Re: Row locks, SKIP LOCKED, and transactions

Thomas Munro <thomas.munro@xxxxxxxxx> · Wed, 18 Dec 2019 15:10:27 +1300

On Wed, Dec 18, 2019 at 5:12 AM Steven Winfield
<Steven.Winfield@xxxxxxxxxxxxxxxxx> wrote:
> * I observe this even if I crank up the transaction isolation level to repeatable read and serializable.

Huh.  SERIALIZABLE shouldn't allow two transactions to see no result
row for a given ID and then insert a result row for that ID.  One of
those transactions should have to roll back, because otherwise it'd be
incompatible with both serial orderings of the two transactions.

> I'm wondering if row locks are not obeying the same transactional semantics as row data,

They are indeed a bit weird.  They sometimes check if the condition
still apply (since the row might have changed between the scan and
LockRows node) which leads to some interesting effects, but only if
the row being locked was concurrently updated, and here that isn't the
case.  This is a source of a fair amount of confusion about FOR UPDATE
and joins/subselects.

> Perhaps this is a misuse of the locking system, since I'm locking a row "FOR UPDATE" but not actually updating it, but as row locks are released at the end of a transaction (according to the docs) then my expectation was for the unlocking and the visibility of newly committed rows to be atomic.
> I've tried FOR NO KEY UPDATE too, without luck.
>
> If I'm doing something forbidden (and the docs say so) then I'd be grateful if someone could point that out!

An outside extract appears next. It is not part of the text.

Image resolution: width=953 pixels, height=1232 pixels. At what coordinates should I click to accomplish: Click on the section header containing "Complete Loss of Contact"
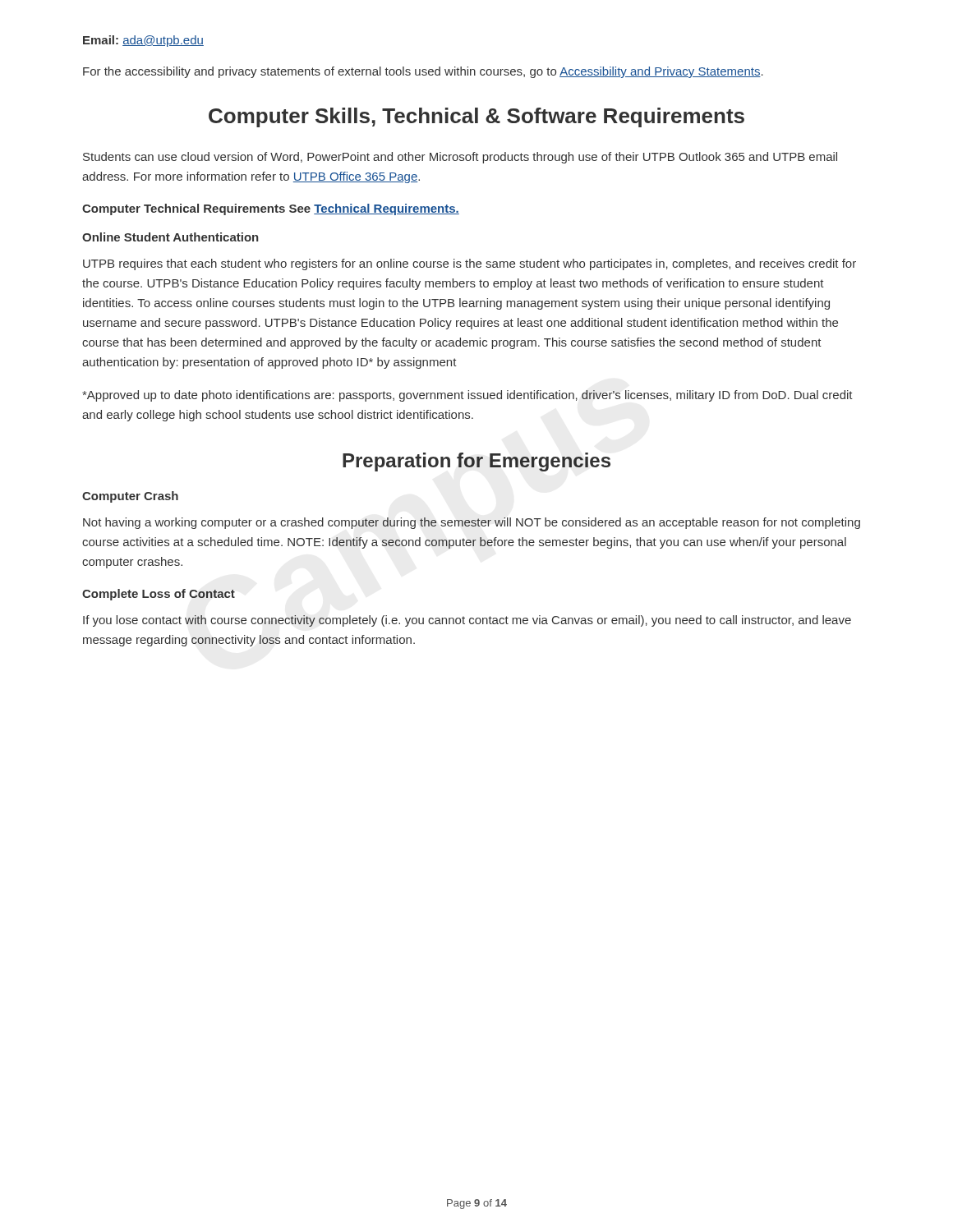[158, 594]
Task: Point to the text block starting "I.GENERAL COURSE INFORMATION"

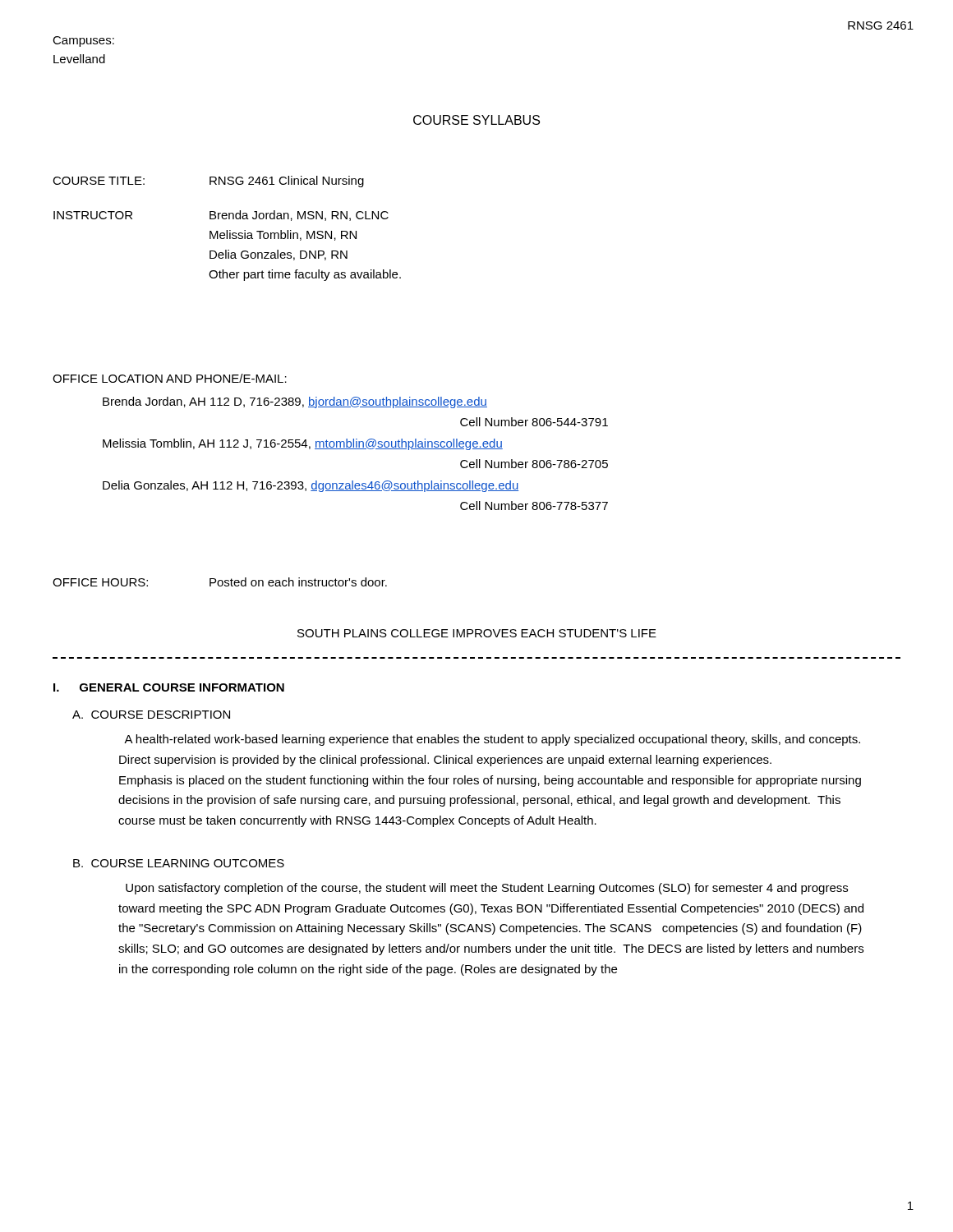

Conceptually, the thing you really need to lock for this to work is
the result row that isn't there yet, so that some overlapping
transaction doesn't try to lock the same absent thing.  Unfortunately,
our system for locking things that aren't there isn't there either.
Some articles on serializability talk about "materialising the
conflict", which means locking some other surrogate thing that
"covers" a gap you are interested in.  You might think the job row
would do the trick, but since we don't recheck the condition (that is,
recheck that there is no corresponding result because you don't update
the job row), no cigar.  You could also use plain old
pg_try_advisory_xact_lock(id), because it just locks integers, and
they're always there.

SERIALIZABLE deals with that type of magic internally (it locks gaps
in key ranges by predicate-locking a physical btree or hash page that
you'd need to write on to insert a row with a matching key, which is
how it discovers a conflict between one transaction that went looking
for key=42 but didn't find it and another that later writes key=42),
but, as mentioned, SERIALIZABLE doesn't really allow concurrency with
this workload, and you specified that you wanted concurrency with SKIP
LOCKED (but I think you'd have the same problem without it; SKIP
LOCKED just gets you the wrong answer faster).

There are various ways you could deal with this, but I'd probably go
for a simple scheme where you only have to consult a single row to
know if you can claim it.  You could still put the results into a
separate table, but use job.state to find work, and set it to DONE
when you insert the result.  It may also be possible to add no new
columns but do a dummy update to the job row to get the join qual
rechecked, but I'm not sure if that'd work.  Another reason to add a
state column to the job table is so that you can put a conditional
index on it so you can find jobs to be done very quickly, if you're
not planning to remove the ones that are done.